**DESCRIPTION OF THE TASK:**
What is needed is an exact copy of all the entries below.

· · · ·

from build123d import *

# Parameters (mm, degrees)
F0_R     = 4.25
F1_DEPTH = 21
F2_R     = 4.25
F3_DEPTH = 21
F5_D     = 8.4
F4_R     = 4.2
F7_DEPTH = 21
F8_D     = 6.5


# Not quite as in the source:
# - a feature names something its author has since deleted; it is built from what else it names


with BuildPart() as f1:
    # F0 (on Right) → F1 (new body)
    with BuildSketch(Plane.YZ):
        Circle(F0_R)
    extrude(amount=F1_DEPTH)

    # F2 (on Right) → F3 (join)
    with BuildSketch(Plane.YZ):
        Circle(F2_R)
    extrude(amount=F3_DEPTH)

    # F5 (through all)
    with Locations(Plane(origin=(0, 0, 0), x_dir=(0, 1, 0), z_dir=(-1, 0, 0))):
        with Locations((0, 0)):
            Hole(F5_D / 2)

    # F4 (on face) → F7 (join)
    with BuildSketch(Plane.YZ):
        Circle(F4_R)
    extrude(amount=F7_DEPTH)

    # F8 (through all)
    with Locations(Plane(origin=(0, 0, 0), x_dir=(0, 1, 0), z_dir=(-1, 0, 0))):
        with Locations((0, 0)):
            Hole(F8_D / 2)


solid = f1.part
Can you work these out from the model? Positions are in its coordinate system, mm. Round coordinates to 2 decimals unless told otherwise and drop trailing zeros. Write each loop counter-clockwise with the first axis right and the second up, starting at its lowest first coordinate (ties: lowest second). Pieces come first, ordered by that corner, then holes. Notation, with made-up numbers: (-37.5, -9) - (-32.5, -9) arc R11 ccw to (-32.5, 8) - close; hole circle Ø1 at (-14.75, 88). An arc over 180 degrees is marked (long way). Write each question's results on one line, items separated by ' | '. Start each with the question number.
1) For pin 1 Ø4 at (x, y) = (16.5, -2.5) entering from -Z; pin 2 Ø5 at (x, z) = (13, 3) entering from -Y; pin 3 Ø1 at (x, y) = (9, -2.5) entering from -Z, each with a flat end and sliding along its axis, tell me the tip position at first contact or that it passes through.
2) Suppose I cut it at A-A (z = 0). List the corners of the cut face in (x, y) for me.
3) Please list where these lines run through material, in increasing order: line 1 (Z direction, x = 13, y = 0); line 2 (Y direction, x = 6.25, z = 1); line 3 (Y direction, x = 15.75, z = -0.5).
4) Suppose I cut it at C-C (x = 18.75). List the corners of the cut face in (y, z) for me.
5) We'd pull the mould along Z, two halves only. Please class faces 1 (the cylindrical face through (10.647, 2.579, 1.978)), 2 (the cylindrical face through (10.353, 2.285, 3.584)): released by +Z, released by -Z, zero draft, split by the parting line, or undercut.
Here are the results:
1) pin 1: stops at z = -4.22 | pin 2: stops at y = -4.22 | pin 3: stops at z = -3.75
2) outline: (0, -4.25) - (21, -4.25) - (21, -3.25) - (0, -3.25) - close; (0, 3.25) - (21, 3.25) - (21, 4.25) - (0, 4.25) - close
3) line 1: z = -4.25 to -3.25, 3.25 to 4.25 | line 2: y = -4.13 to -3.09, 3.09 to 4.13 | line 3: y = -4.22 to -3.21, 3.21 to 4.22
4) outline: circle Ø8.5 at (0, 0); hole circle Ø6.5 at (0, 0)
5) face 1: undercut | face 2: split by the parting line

· · · ·

**ANSWER:**
from build123d import *

# Parameters (mm, degrees)
F0_R     = 4.25
F1_DEPTH = 21
F2_R     = 4.25
F3_DEPTH = 21
F5_D     = 8.4
F4_R     = 4.2
F7_DEPTH = 21
F8_D     = 6.5


# Not quite as in the source:
# - a feature names something its author has since deleted; it is built from what else it names


with BuildPart() as f1:
    # F0 (on Right) → F1 (new body)
    with BuildSketch(Plane.YZ):
        Circle(F0_R)
    extrude(amount=F1_DEPTH)

    # F2 (on Right) → F3 (join)
    with BuildSketch(Plane.YZ):
        Circle(F2_R)
    extrude(amount=F3_DEPTH)

    # F5 (through all)
    with Locations(Plane(origin=(0, 0, 0), x_dir=(0, 1, 0), z_dir=(-1, 0, 0))):
        with Locations((0, 0)):
            Hole(F5_D / 2)

    # F4 (on face) → F7 (join)
    with BuildSketch(Plane.YZ):
        Circle(F4_R)
    extrude(amount=F7_DEPTH)

    # F8 (through all)
    with Locations(Plane(origin=(0, 0, 0), x_dir=(0, 1, 0), z_dir=(-1, 0, 0))):
        with Locations((0, 0)):
            Hole(F8_D / 2)


solid = f1.part
Can you work these out from the model? Positions are in its coordinate system, mm. Round coordinates to 2 decimals unless told otherwise and drop trailing zeros. Write each loop counter-clockwise with the first axis right and the second up, starting at its lowest first coordinate (ties: lowest second). Pieces come first, ordered by that corner, then holes. Notation, with made-up numbers: (-37.5, -9) - (-32.5, -9) arc R11 ccw to (-32.5, 8) - close; hole circle Ø1 at (-14.75, 88). An arc over 180 degrees is marked (long way). Write each question's results on one line, items separated by ' | '. Start each with the question number.
1) For pin 1 Ø4 at (x, y) = (16.5, -2.5) entering from -Z; pin 2 Ø5 at (x, z) = (13, 3) entering from -Y; pin 3 Ø1 at (x, y) = (9, -2.5) entering from -Z, each with a flat end and sliding along its axis, tell me the tip position at first contact or that it passes through.
2) Suppose I cut it at A-A (z = 0). List the corners of the cut face in (x, y) for me.
3) Please list where these lines run through material, in increasing order: line 1 (Z direction, x = 13, y = 0); line 2 (Y direction, x = 6.25, z = 1); line 3 (Y direction, x = 15.75, z = -0.5).
4) Suppose I cut it at C-C (x = 18.75). List the corners of the cut face in (y, z) for me.
5) We'd pull the mould along Z, two halves only. Please class faces 1 (the cylindrical face through (10.647, 2.579, 1.978)), 2 (the cylindrical face through (10.353, 2.285, 3.584)): released by +Z, released by -Z, zero draft, split by the parting line, or undercut.
Here are the results:
1) pin 1: stops at z = -4.22 | pin 2: stops at y = -4.22 | pin 3: stops at z = -3.75
2) outline: (0, -4.25) - (21, -4.25) - (21, -3.25) - (0, -3.25) - close; (0, 3.25) - (21, 3.25) - (21, 4.25) - (0, 4.25) - close
3) line 1: z = -4.25 to -3.25, 3.25 to 4.25 | line 2: y = -4.13 to -3.09, 3.09 to 4.13 | line 3: y = -4.22 to -3.21, 3.21 to 4.22
4) outline: circle Ø8.5 at (0, 0); hole circle Ø6.5 at (0, 0)
5) face 1: undercut | face 2: split by the parting line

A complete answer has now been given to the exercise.